The Meaningful Ribbon

The Meaningful Ribbon

We sail through our lives, often without a care. Things flow smoothly – sure, there are ups and downs, but they are just bumps and hurdles that we quickly overcome, but generally, we live our lives with ease. Until something comes along that requires you to get The Meaningful Ribbon. If you need one of these, your life has been shattered by someone you care about.

Death

Like most people, I don’t cope well with the prospect of death. It’s something I rarely think about, because it doesn’t affect me all the time. One day it’s going to, but until that day does come, I’m oblivious to it’s call. A few months ago, it knocked on a very close friend’s door. Today I went to see her in hospital…you see, she has stage 4 cancer. That means there’s a 3% chance she’s going to be ok. In the last 3 months, I’ve watched her body get ravaged by cancer. I’ve hated it, I’ve feared it, I’ve tried to fight it, I’ve cursed at it, I’ve dreamt about it and I’ve been overwhelmed by it. Like so many people around the world, I’m perplexed by it.

I was in such a state after seeing my friend laying on the hosptital bed, knowing that she might be mere days away from finally succumbing to the cancer, that I called a friend. I needed to talk to someone other than my mind because my mind, had nothing meaningful to say.

The Meaningful Ribbon

When my friend’s Mother passed away, she grieved for a long time. She went through the grief battle we all do, when someone we care about is taken from us. On the one hand, you can be grateful for the chance to have had so many memories with them, on the other, you’re a myriad of emotions at the loss.

My friend decided one day that the grieving process had run its course and that she was ready to continue with her life. She felt guilty about trying to push the grief away, but she also knew that she had to get on with her life. She did something smart; she got The Meaningful Ribbon.

A small pink ribbon that she put on her wrist once a day, for about an hour. She wears this ribbon whenever she feels she needs to connect with her Mother or feels guilty for having moved on with her life. Once a day, she put it on and she allowed herself to grieve for that period. She told others around her that she was doing this, so that they would understand that if she was wearing it, she was mentally in a different place.

My Own Ribbon

Even though my friend is lying in a hospital as I write this, in agony and pumped full of drugs and looks like someone who is on stage 4 cancer, I refuse to accept that she’s at death’s door. Still, on my way from the hospital and after that phone conversation with my friend, I thought about The Meaningful Ribbon and I decided I would get one. I don’t want to think about my friend dying all the time, because I do have a life to live, but that also means that I’m feeling guilty by trying to live it, while my friend is struggling to hold onto hers.

I’ve brought a small trinket that is in my pocket.
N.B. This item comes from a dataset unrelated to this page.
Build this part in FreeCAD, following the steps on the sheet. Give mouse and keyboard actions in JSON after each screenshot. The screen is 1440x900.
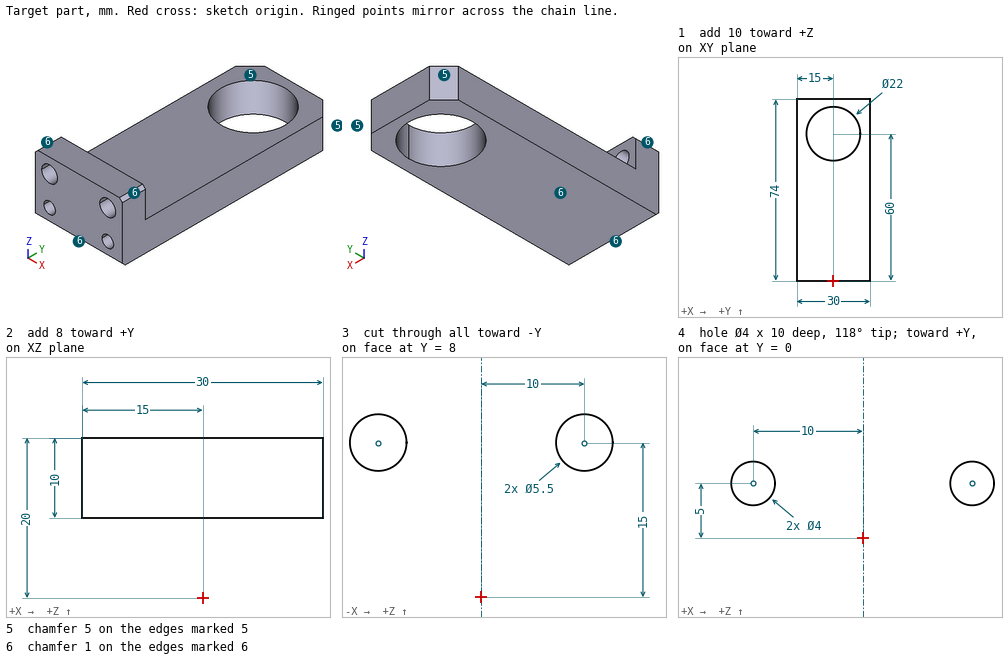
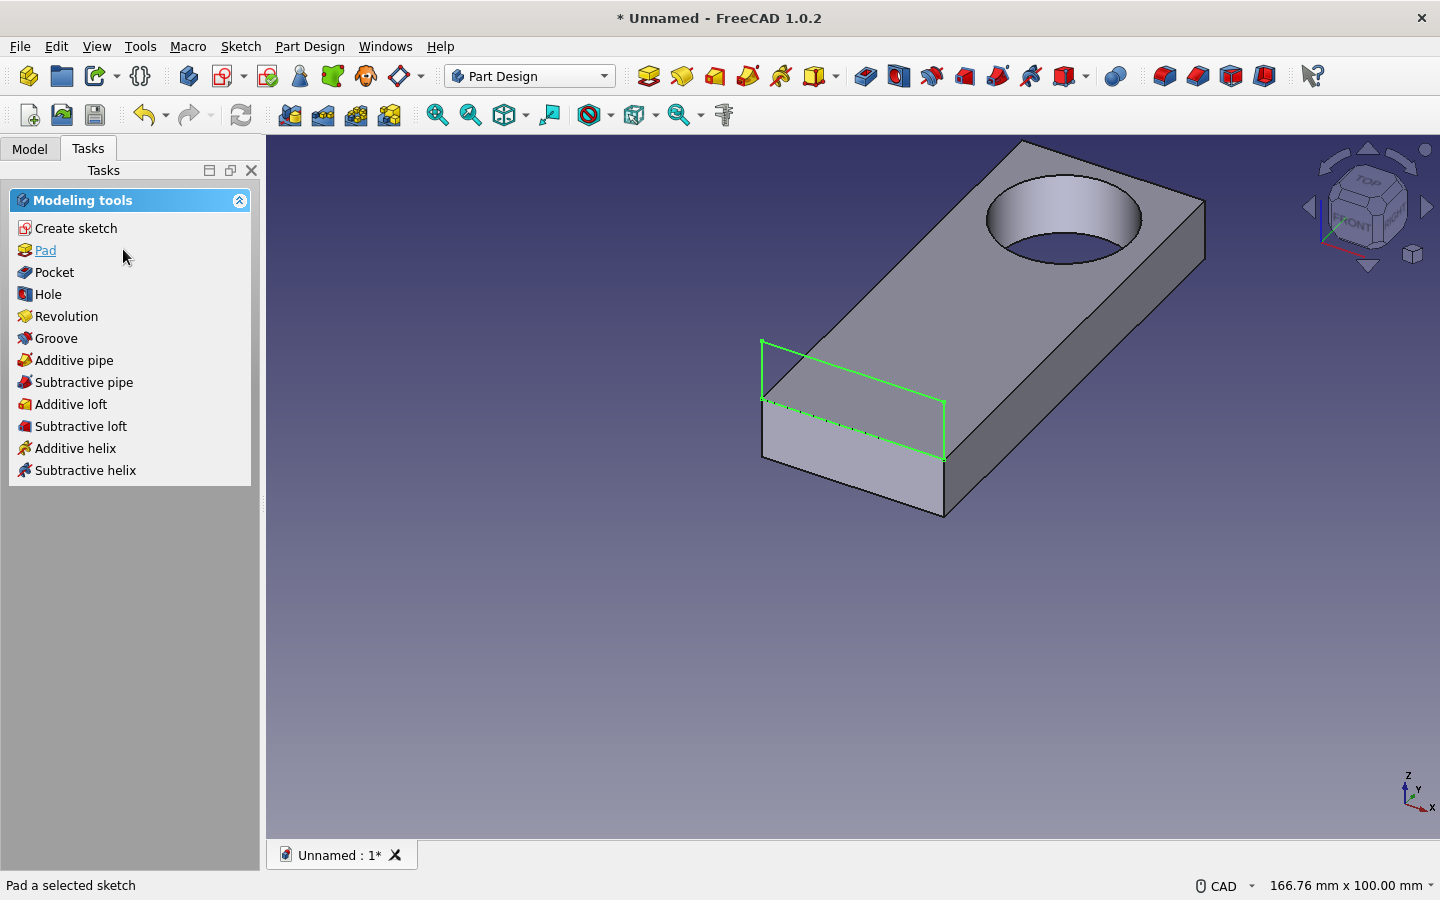
{"action": "left_click", "coordinate": [649, 76]}

It’s a small item that’s personal to me. I chose this small thing because nobody is going to know it’s there. At best, if you’re talking to me, you’ll notice that I’ll slide my hand into my pocket. Though I doubt anyone will notice that I’m drawing comfort from a physical object, that for whatever reason, I’ve chosen that moment to think about my grief.
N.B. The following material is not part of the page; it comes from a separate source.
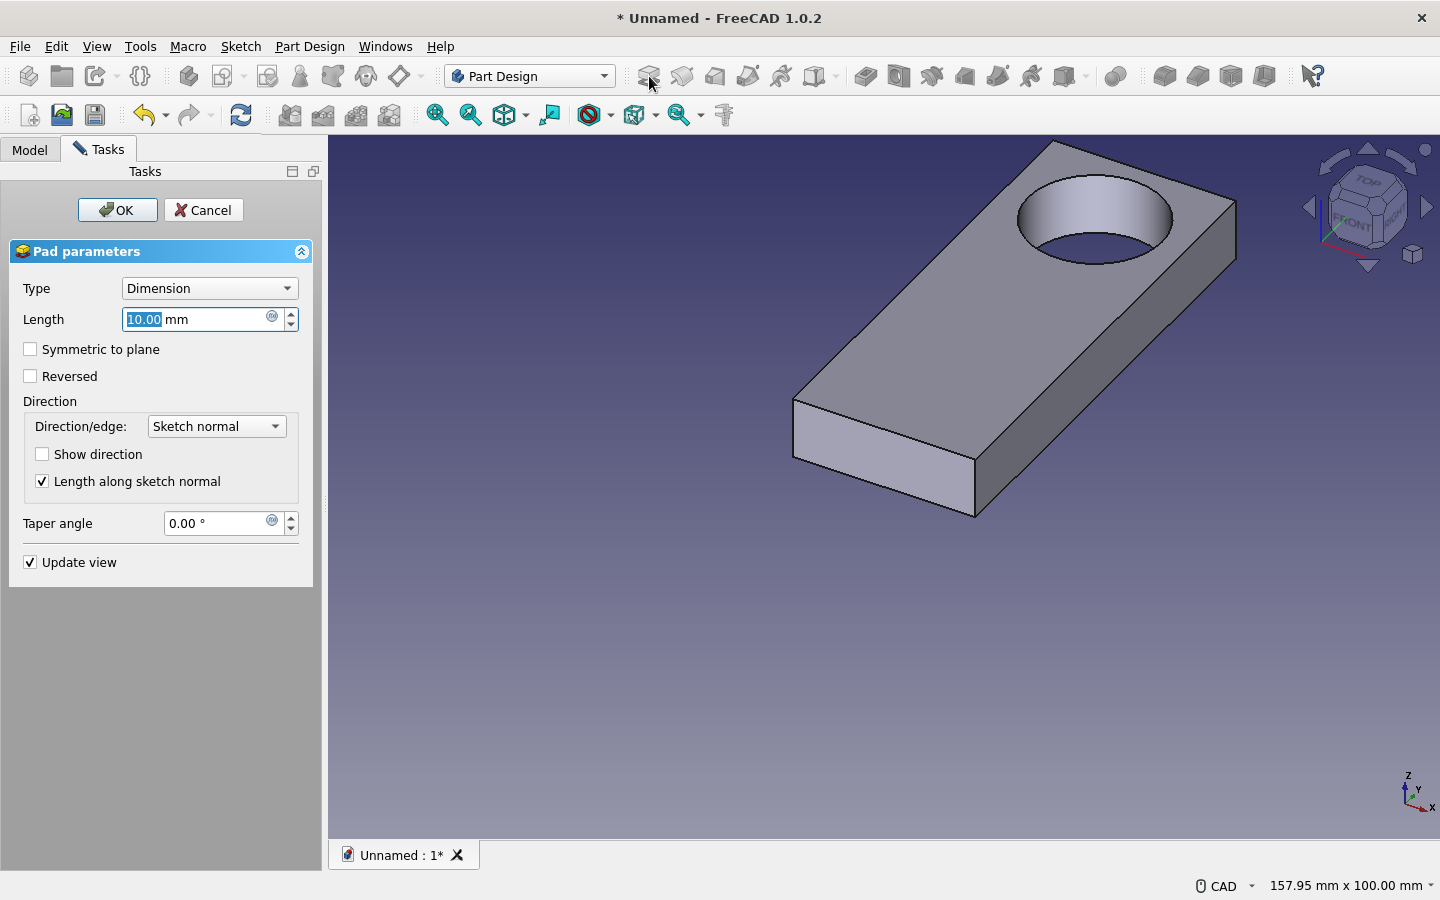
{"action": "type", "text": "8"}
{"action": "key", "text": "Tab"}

The time is going to come in the next few days/weeks/months where my friend will finally leave and I’m going to hope that this device will continue to be the key to my grief, that I will be able to touch it and feel my love for her and rememer all the smiles, the laughs, the jokes, the banter and the friendship.

What To Say To Someone Who Is Grieving

No words can help someone who is grieving, to feel a relief from the grief. But knowing that you aren’t alone, is the one thing that can ease the burden.
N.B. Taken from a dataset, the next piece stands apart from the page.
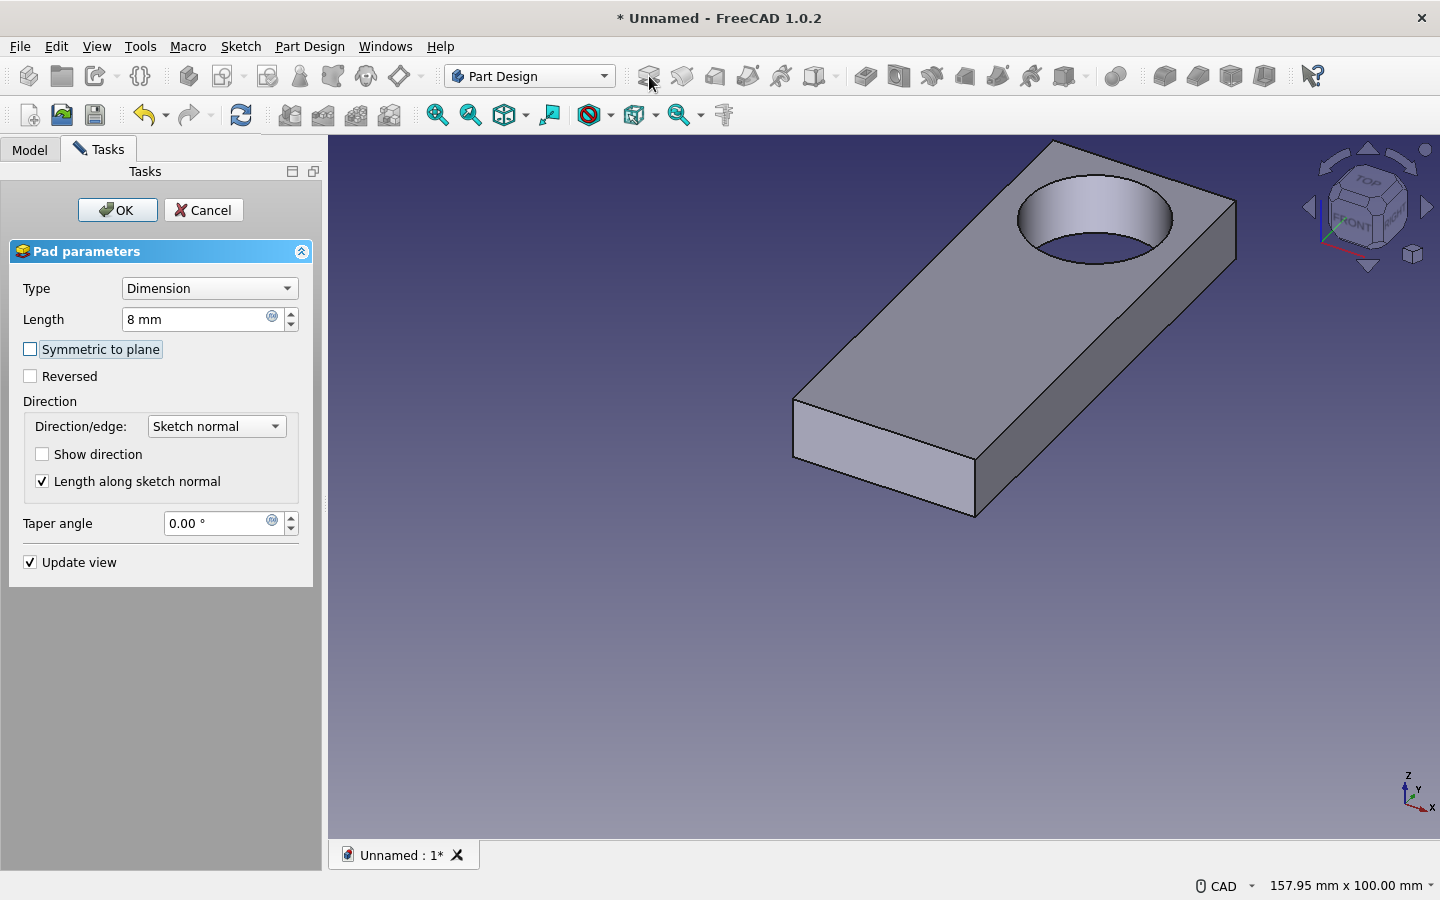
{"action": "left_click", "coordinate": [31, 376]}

Recently, a friend lost her Father and I was at a loss as to what to say. I sent her a message that said simply, “no words that I say will make you feel better, but knowing I’m here for you might.”

I didn’t receive a response and wondered if the message was perceived badly. Weeks later, after several unsuccesful attempts to get a response from my grieving friend, she called me out of the blue.

And she thanked me. She told me that through all the grief and family suffering, my message had made her feel that I was there for her and it helped her a lot.

You cannot imagine the relief I felt after hearing those words.

So now I know what to say to someone who is grieving.

Just tell them that you’re there for them.

If you see somone holding a device, a ribbon, anything at all, and has that faraway look on their face, it might just be that they are holding The Meaningful Ribbon.